Coping with emotions
Sometimes emotions can feel great, but sometimes they’re uncomfortable or even painful.
Whether you’re feeling angry, sad, frustrated, lonely, or anxious, it’s important to have some healthy ways to cope with feelings that aren’t so fun.
What are emotions?
Our brain is constantly taking in information about the world around us through our senses. Things we see, hear, touch, etc., all send info to our brainstem (or survival brain).
To process this info, our brainstem is connected to and communicates with our limbic system (or emotional brain). Our emotional brain attaches emotions to the sensory info we receive.
Different emotions mean different things
Thinking about emotions
How we interpret emotions – and how we behave – is heavily influenced by what we think about them. This includes our past experiences and our beliefs about ourselves.
There are some different thinking patterns/styles that we can get stuck in – and these thinking patterns can be unhelpful for us. Here are some examples:
- All or nothing thinking. Thinking in extremes with no 'grey area', e.g. "If I don't come first place, then I'm a total loser."
- Only seeing the negatives. Filtering out or minimising the positive or ok bits and only remembering or focusing on the bad bits. E.g. "It's my fault we lost – I missed that goal in soccer!"
- Overgeneralising. Applying one outcome across all situations, e.g. "I never do well at math, I always suck!” (Using words like always, never, all and every).

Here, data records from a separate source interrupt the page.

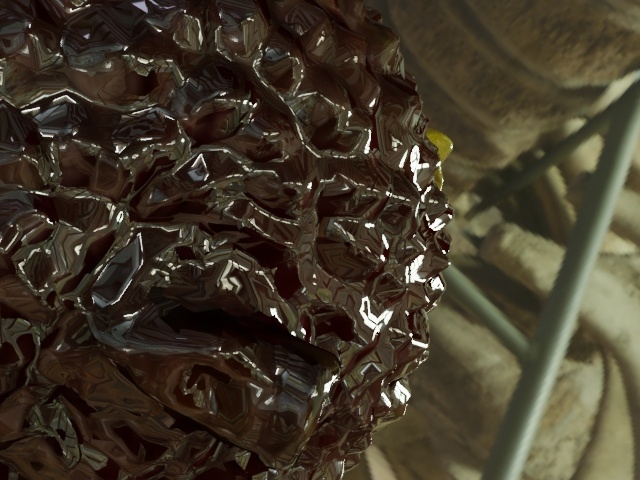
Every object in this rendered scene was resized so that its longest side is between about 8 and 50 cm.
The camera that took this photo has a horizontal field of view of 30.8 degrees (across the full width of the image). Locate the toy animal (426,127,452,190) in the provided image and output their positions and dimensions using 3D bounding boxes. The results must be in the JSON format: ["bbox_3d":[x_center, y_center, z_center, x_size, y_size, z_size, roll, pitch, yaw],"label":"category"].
[{"bbox_3d":[-0.004,-0.002,0.850,0.156,0.229,0.156,28,20,-11],"label":"toy animal"}]

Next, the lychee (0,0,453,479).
[{"bbox_3d":[-0.108,-0.003,0.454,0.330,0.306,0.306,29,-27,50],"label":"lychee"}]
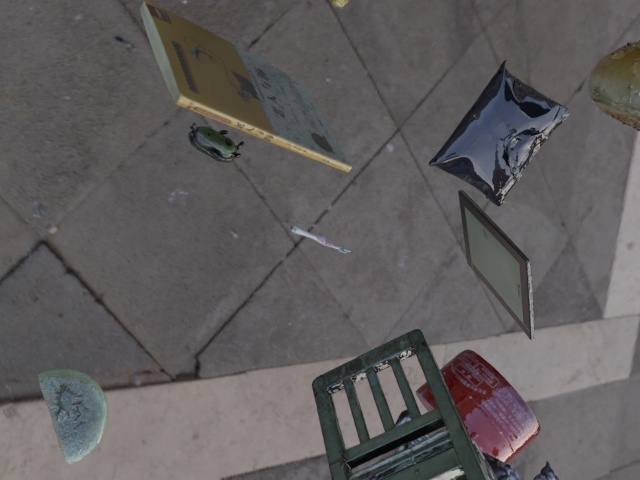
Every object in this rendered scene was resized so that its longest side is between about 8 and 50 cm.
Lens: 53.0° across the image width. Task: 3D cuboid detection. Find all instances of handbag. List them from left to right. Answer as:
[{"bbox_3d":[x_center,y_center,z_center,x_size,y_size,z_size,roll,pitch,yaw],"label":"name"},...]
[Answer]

- Thinking all feelings are true all of the time. E.g. "I feel this way because something bad is going to happen." All emotions are valid, but not all emotions are true.
- Jumping to conclusions. 'Mind reading', e.g. "They think I'm a loser" or 'fortune telling', e.g. "I'm going to make a fool of myself."
- Taking things personally. Blaming yourself for stuff you can't control. E.g. "It's all my fault my friend got in trouble for doing the wrong thing."
- Catastrophising. Blowing things out of proportion or thinking the worst-case scenario. E.g. "If I do badly on this assignment, I will never get my dream job."